- _Work required_:
Transcribe exactly the line containing "2. toy (28, 17, 54, 34)" and every line after it, through the end of the records below.

(Beginning of Available data)

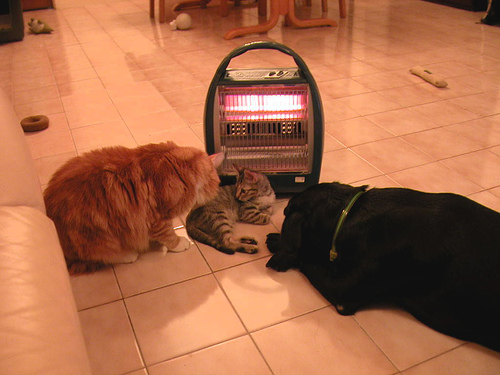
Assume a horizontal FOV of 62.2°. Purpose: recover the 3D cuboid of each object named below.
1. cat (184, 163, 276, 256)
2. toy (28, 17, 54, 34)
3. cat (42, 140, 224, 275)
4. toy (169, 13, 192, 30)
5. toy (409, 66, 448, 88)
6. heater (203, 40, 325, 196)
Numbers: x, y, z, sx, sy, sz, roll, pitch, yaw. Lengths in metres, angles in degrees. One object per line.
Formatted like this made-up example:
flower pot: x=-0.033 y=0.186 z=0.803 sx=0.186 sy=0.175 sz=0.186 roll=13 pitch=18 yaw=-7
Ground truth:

(End of Available data)

- _Answer below_:
2. toy (28, 17, 54, 34)
3. cat (42, 140, 224, 275)
4. toy (169, 13, 192, 30)
5. toy (409, 66, 448, 88)
6. heater (203, 40, 325, 196)
Numbers: x, y, z, sx, sy, sz, roll, pitch, yaw. Lengths in metres, angles in degrees. One object per line.
Formatted like this made-up example:
flower pot: x=-0.033 y=0.186 z=0.803 sx=0.186 sy=0.175 sz=0.186 roll=13 pitch=18 yaw=-7
Ground truth:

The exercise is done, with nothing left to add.